Enhancing Two-Photon Excited Fluorescence of Metal–Organic Framework Single Crystals through Modulation of Inorganic Nodes

Abstract

Regulation of the two-photon excited fluorescence (TPEF) emission intensity and wavelength of metal-organic framework (MOF) crystals with similar constitutions presents a significant challenge. In this study, two MOFs, Zn-BTPPA and Cd₃-BTPPA, were constructed using tetrakis(1,1'-biphenyl-4-carboxylic acid)-1,4-benzenediamine (H₄BTPPA) as the organic ligand and mononuclear Zn and trinuclear Cd₃ inorganic nodes, respectively. The incorporation of H₄BTPPA within the MOF structures enables effective TPEF emission in both Zn-BTPPA and Cd₃-BTPPA. The TPEF results show that Zn-BTPPA and Cd₃-BTPPA exhibited strong emissions at 523 and 463 nm, respectively, when excited with a 780 nm laser. Moreover, Zn-BTPPA and Cd₃-BTPPA exhibited much higher two-photon absorption cross sections, approximately 4.9 and 5.2 times higher than that of the reported dinuclear MOF, Cd₂-BTPPA, with a similar composition, respectively.

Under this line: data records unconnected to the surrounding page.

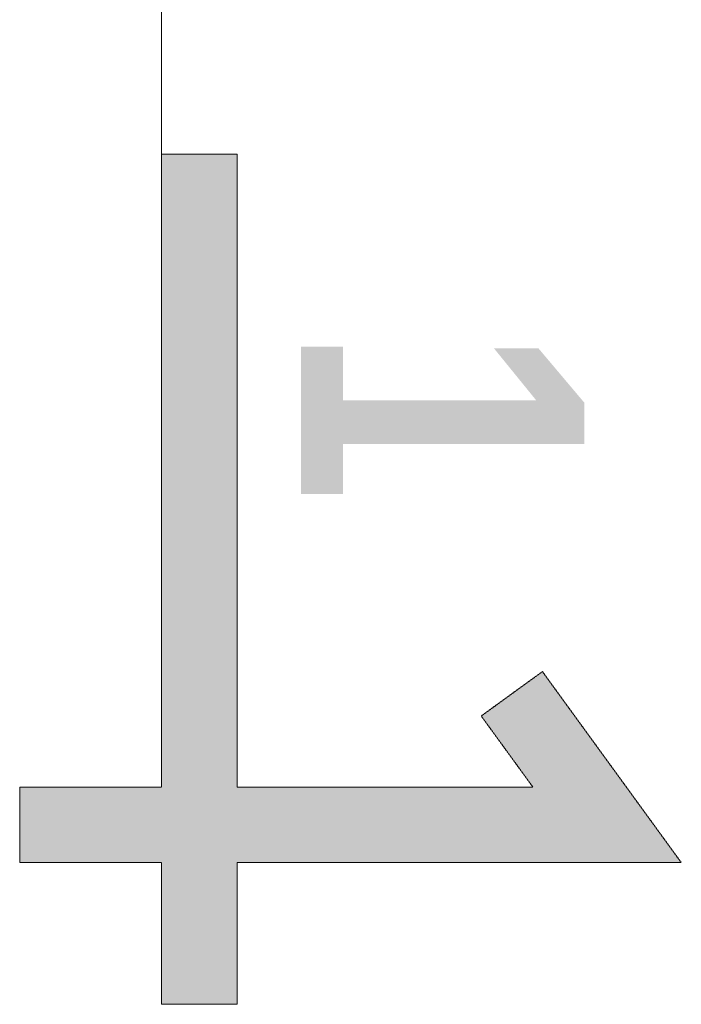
# Model space of a CAD drawing. Header units: millimetres. Extents: x -3176 to 162662, y -36434 to 57907.
# Tile 23 of 155: x 82979 to 83679, y -4044 to -3002. Entities that reach past the tile are written whole.
import ezdxf

# ---------------------------------------------------------------- set-up
doc = ezdxf.new("R2010")
doc.units = ezdxf.units.MM
doc.linetypes.add('DASHED', pattern=[0.75, 0.5, -0.25])
doc.layers.add('G-ANNO-SYMB', color=111, linetype='DASHED', lineweight=9)
doc.styles.add('Arial_B', font='arialbd.ttf', dxfattribs={"height": 400})

msp = doc.modelspace()

# ---------------------------------------------------------------- hatches: boundary and pattern name
at = {"layer": 'G-ANNO-SYMB', "true_color": 0x000000, "extrusion": (0, 0, -1)}
msp.add_hatch(color=18, dxfattribs=at).paths.add_polyline_path([(-83128.59, -3894.01), (-83128.59, -4044.01), (-83208.59, -4044.01), (-83208.59, -3894.01), (-83678.59, -3894.01), (-83531.65, -3691.75), (-83466.92, -3738.77), (-83521.58, -3814.01), (-83208.59, -3814.01), (-83208.59, -3144.01), (-83128.59, -3144.01), (-83128.59, -3814.01), (-82978.59, -3814.01), (-82978.59, -3894.01)])

# ---------------------------------------------------------------- linework, layer by layer
at = {"layer": 'G-ANNO-SYMB', "color": 18, "true_color": 0x000000}
msp.add_line((83128.59, -3144.01), (83128.59, 9454.92), dxfattribs=at)
at = {"layer": 'G-ANNO-SYMB', "color": 18, "true_color": 0x000000, "extrusion": (0, 0, -1)}
for p, q in [((83128.59, -3814.01), (83128.59, -3144.01)), ((83128.59, -3144.01), (83208.59, -3144.01)), ((83208.59, -3144.01), (83208.59, -3814.01)), ((83466.92, -3738.77), (83531.65, -3691.75)), ((83531.65, -3691.75), (83678.59, -3894.01)), ((83521.58, -3814.01), (83466.92, -3738.77)), ((82978.59, -3894.01), (82978.59, -3814.01)), ((82978.59, -3814.01), (83128.59, -3814.01)), ((83208.59, -3814.01), (83521.58, -3814.01)), ((83128.59, -3894.01), (82978.59, -3894.01)), ((83128.59, -4044.01), (83128.59, -3894.01)), ((83678.59, -3894.01), (83208.59, -3894.01)), ((83208.59, -3894.01), (83208.59, -4044.01)), ((83208.59, -4044.01), (83128.59, -4044.01))]:
    msp.add_line(p, q, dxfattribs=at)

# ---------------------------------------------------------------- texts
at = {"layer": 'G-ANNO-SYMB', "color": 18, "true_color": 0x000000, "style": 'Arial_B', "width": 0.8}
msp.add_text('1', height=300, rotation=270, dxfattribs=at).set_placement((83276.11, -3326.49))

doc.saveas('drawing.dxf')

With different inorganic nodes, the stacking of chromophores, π···π interactions, and ligand geometry were found to correlate with the enhanced TPEF in Cd₃-BTPPA and the blue-shifted TPEF in Zn-BTPPA. This work serves as an inspiration for designing efficient TPEF MOF materials based on the structure-property relationship.